### Problem to work on
Return the whole listing exactly, omitting the pictures.

### Data shown

========

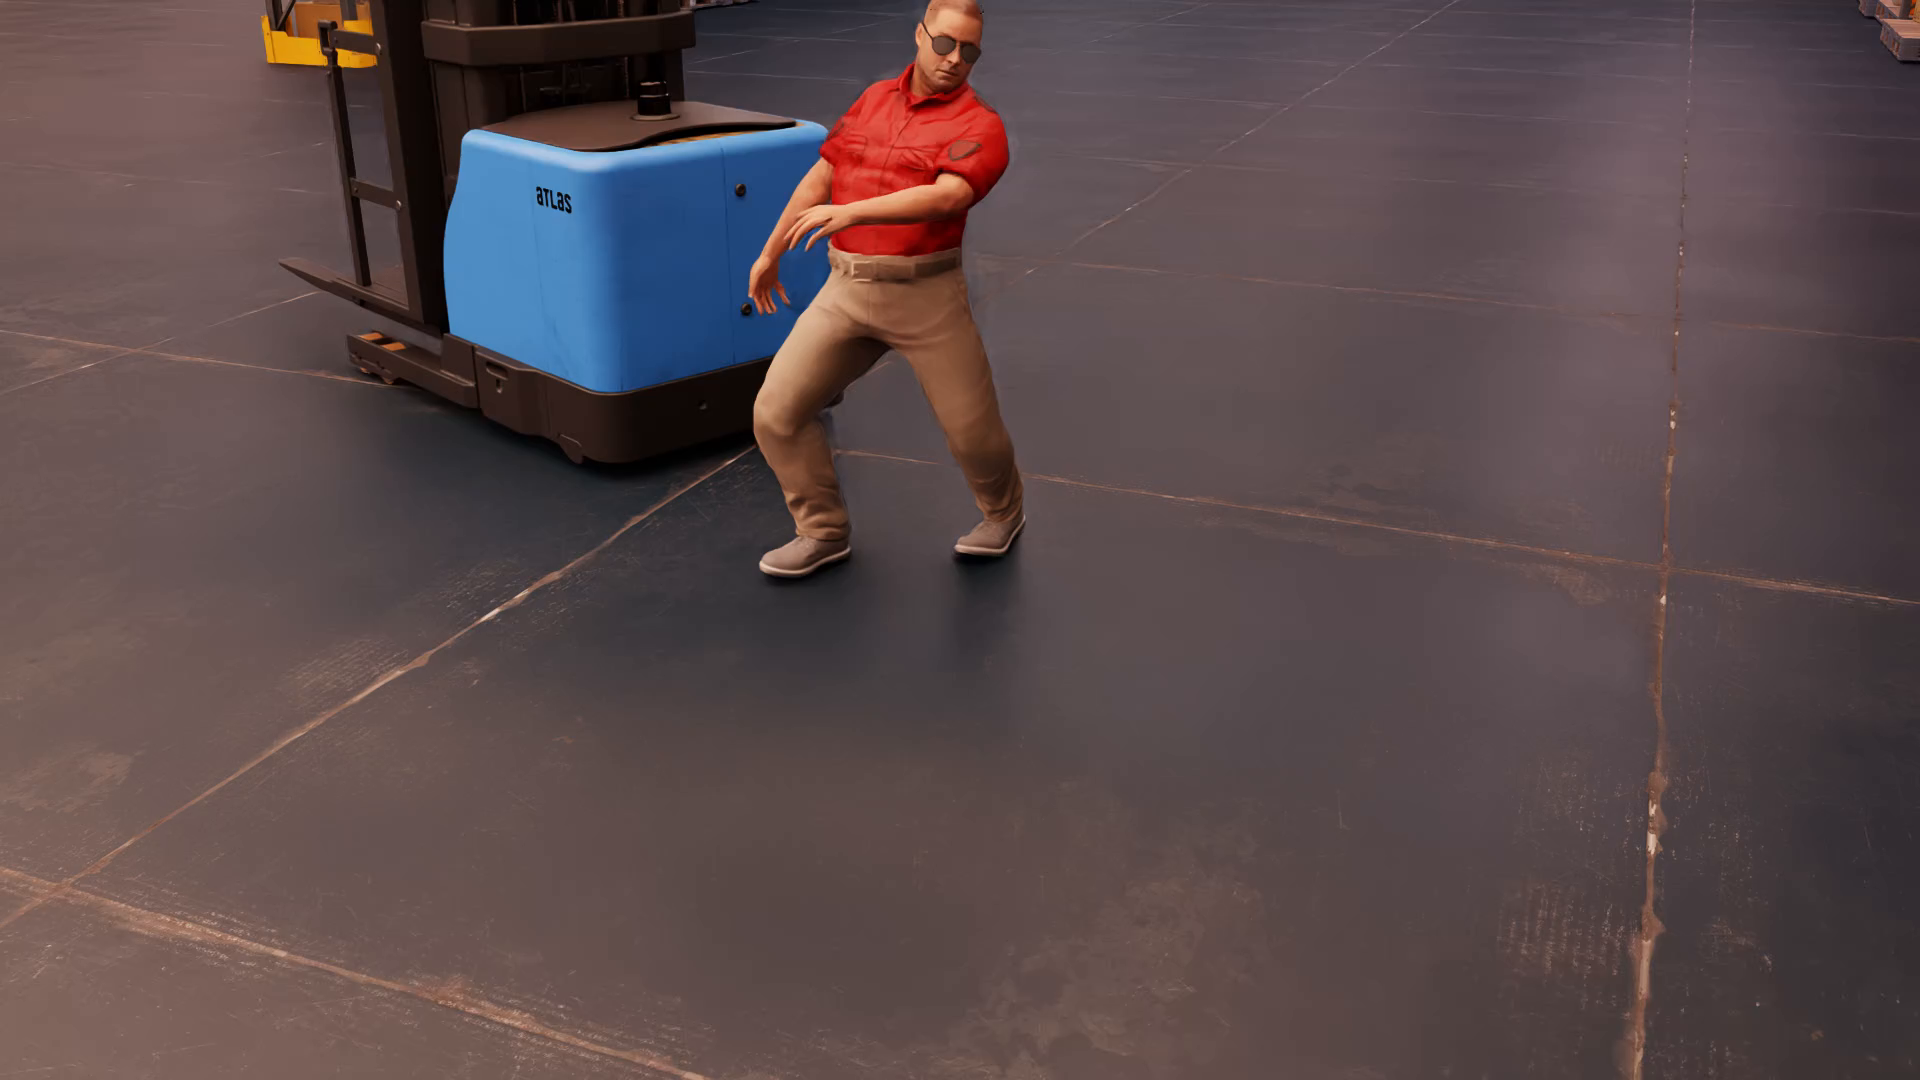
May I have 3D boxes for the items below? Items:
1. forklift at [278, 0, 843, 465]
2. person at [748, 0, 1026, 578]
[{"bbox_3d":[-1.812,-2.084,6.279,1.130,2.935,3.031,-20,30,-40],"label":"forklift"},{"bbox_3d":[-0.265,-0.663,4.589,0.773,1.605,0.851,9,24,21],"label":"person"}]

========

### Exercise response
May I have 3D boxes for the items below? Items:
1. forklift at [278, 0, 843, 465]
2. person at [748, 0, 1026, 578]
[{"bbox_3d":[-1.812,-2.084,6.279,1.130,2.935,3.031,-20,30,-40],"label":"forklift"},{"bbox_3d":[-0.265,-0.663,4.589,0.773,1.605,0.851,9,24,21],"label":"person"}]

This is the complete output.